Follow the tips below to keep your food safe when eating outdoors.

Before your picnic or barbecue

  • Defrost meat, poultry, and seafood in the refrigerator. If you thaw by submerging sealed packages in cold water or defrost in the microwave, the food should be cooked immediately afterward.
  • Never reuse marinade that touched raw foods unless you boil it first. Instead, you can set some of the marinade aside before marinating food to use for sauce later.
  • Marinate foods in the fridge, not the countertop.
  • Wash all produce before eating, even if you plan to peel it. The knife you use to peel it can spread bacteria into the part you eat.

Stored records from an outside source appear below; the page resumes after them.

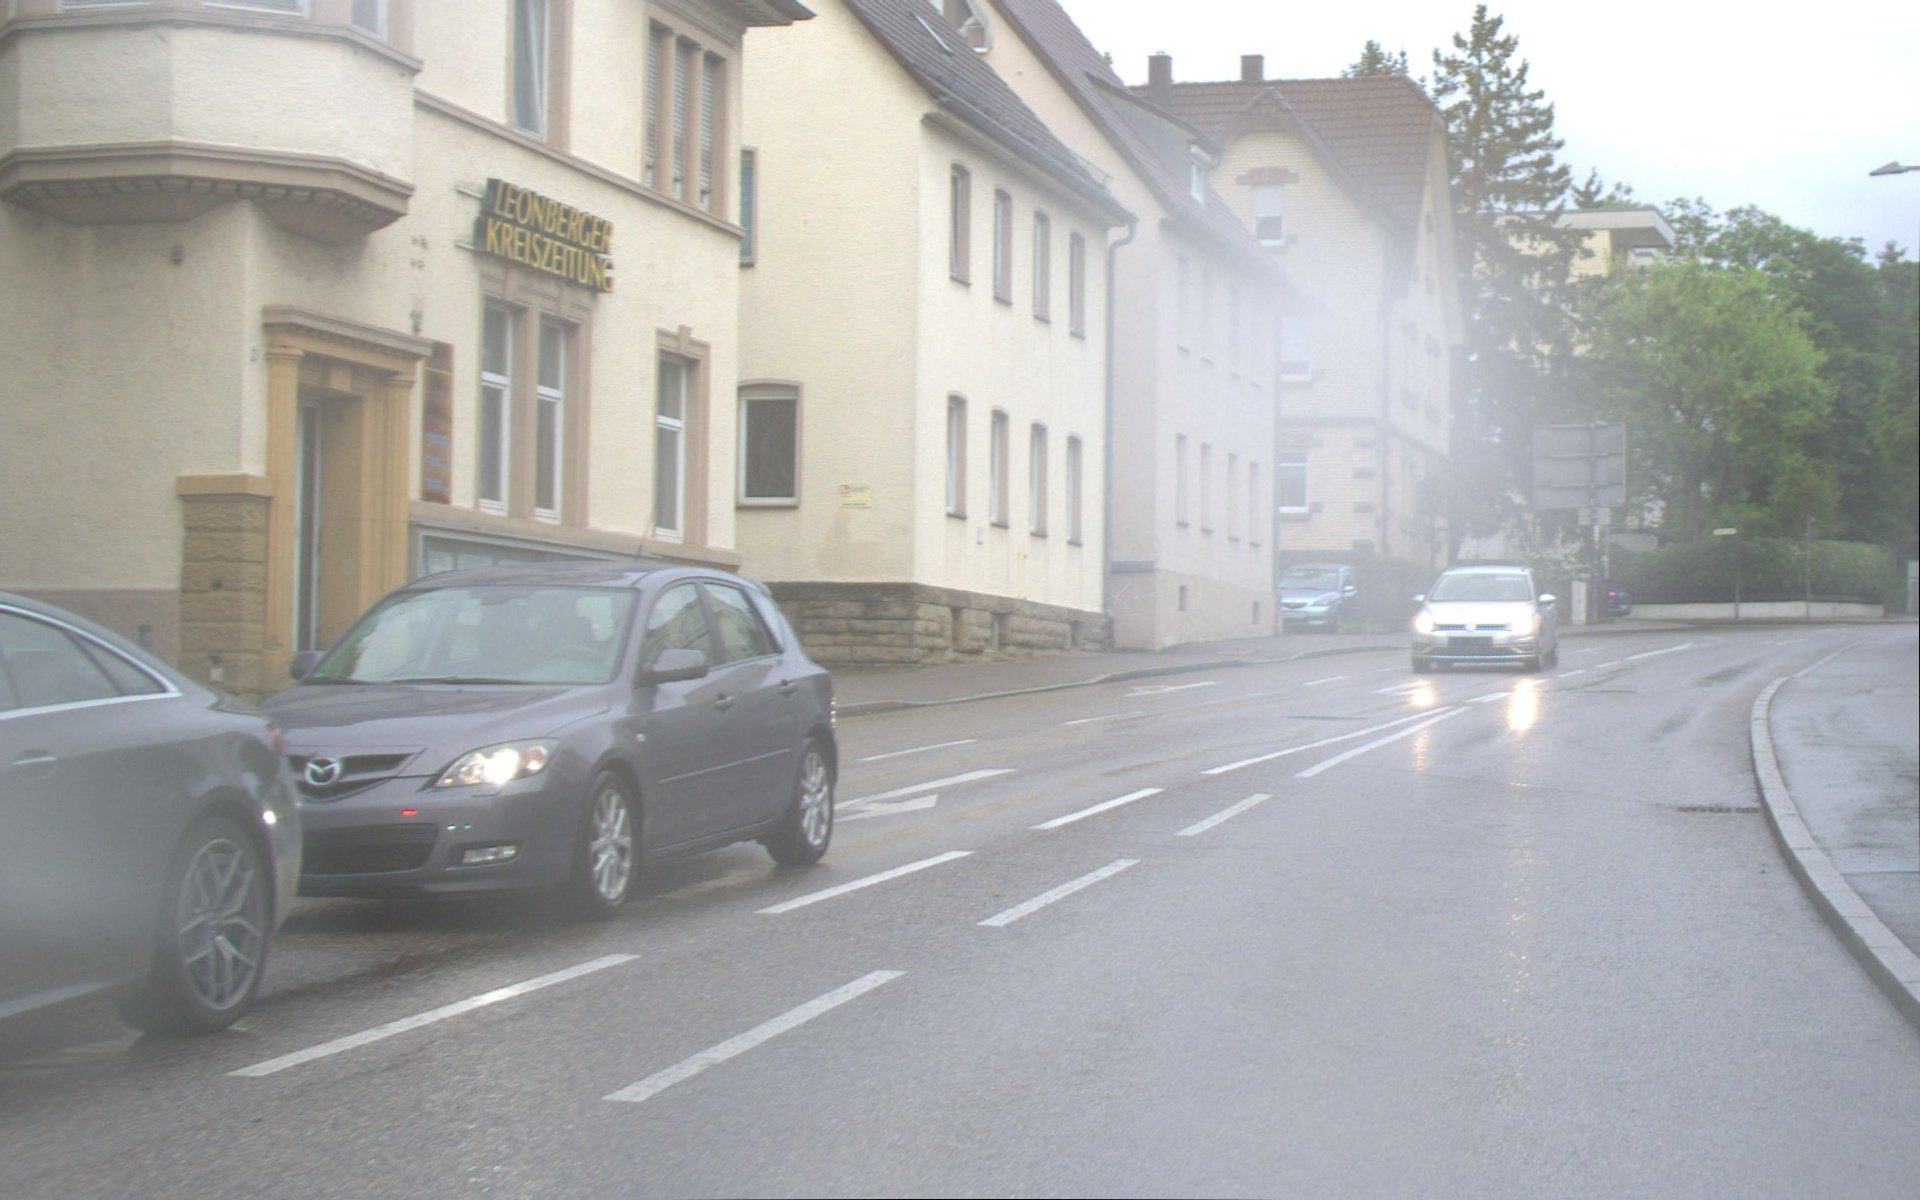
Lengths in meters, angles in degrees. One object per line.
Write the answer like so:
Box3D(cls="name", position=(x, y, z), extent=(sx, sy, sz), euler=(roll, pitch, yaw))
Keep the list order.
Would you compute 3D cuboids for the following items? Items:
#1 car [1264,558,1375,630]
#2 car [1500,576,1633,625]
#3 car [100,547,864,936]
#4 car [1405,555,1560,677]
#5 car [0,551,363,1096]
Box3D(cls="car", position=(7.633, -0.143, 72.777), extent=(1.692, 1.448, 3.229), euler=(2, 1, 17))
Box3D(cls="car", position=(17.677, 0.015, 100.155), extent=(3.690, 1.284, 1.695), euler=(2, 1, 14))
Box3D(cls="car", position=(-1.892, 0.522, 15.031), extent=(1.774, 1.447, 4.183), euler=(-1, 0, 15))
Box3D(cls="car", position=(7.337, 0.201, 48.079), extent=(1.630, 1.593, 3.229), euler=(2, 1, 17))
Box3D(cls="car", position=(-3.424, 0.607, 9.317), extent=(1.774, 1.447, 4.536), euler=(-1, 0, 15))

Fruits and vegetables that are pre-cut or peeled should be refrigerated or kept on ice to maintain quality and safety.
  • If your picnic site doesn’t offer clean water access, bring water and soap or pack moist disposable towelettes for cleaning surfaces and hands.
  • Don’t forget to pack a food thermometer!

Packing coolers

  • Place food from the refrigerator directly into an insulated cooler immediately before leaving home.
  • Use ice or ice packs to keep your cooler at 40 °F or below.
  • Pack raw meat, poultry, and seafood in a separate cooler, or wrap it securely and store at the bottom of the cooler where the juices can’t drip onto other foods. Place beverages in a separate cooler; this will offer easy drink access while keeping perishable food coolers closed.
  • Minimize the time coolers are held in the trunk of the car, as the trunk can get very hot. Bacteria can multiply rapidly at high temperatures. Once at the picnic site, keep food in coolers until serving time (out of direct sun) and avoid opening the lids often.

Grilling

  • Have clean utensils and platters available. Cook meat, poultry, and seafood to the right temperatures ─ use a food thermometer to be sure (see FDA’s Safe Minimum Cooking Temperatures Chart). Keep cooked meats hot at 140 °F or warmer until serving time — set them to the side of the grill rack to keep them hot.
  • When removing foods from the grill, place them on a clean platter. Never use the same platter and utensils for cooked food that you used for raw meat, poultry, or seafood.

Time and temperature 

Don’t let hot or cold food sit in the “Danger Zone” (between 40 °F and 140 °F) for more than 2 hours – or 1 hour if the outdoor temperature is above 90 °F. If they do, throw them away.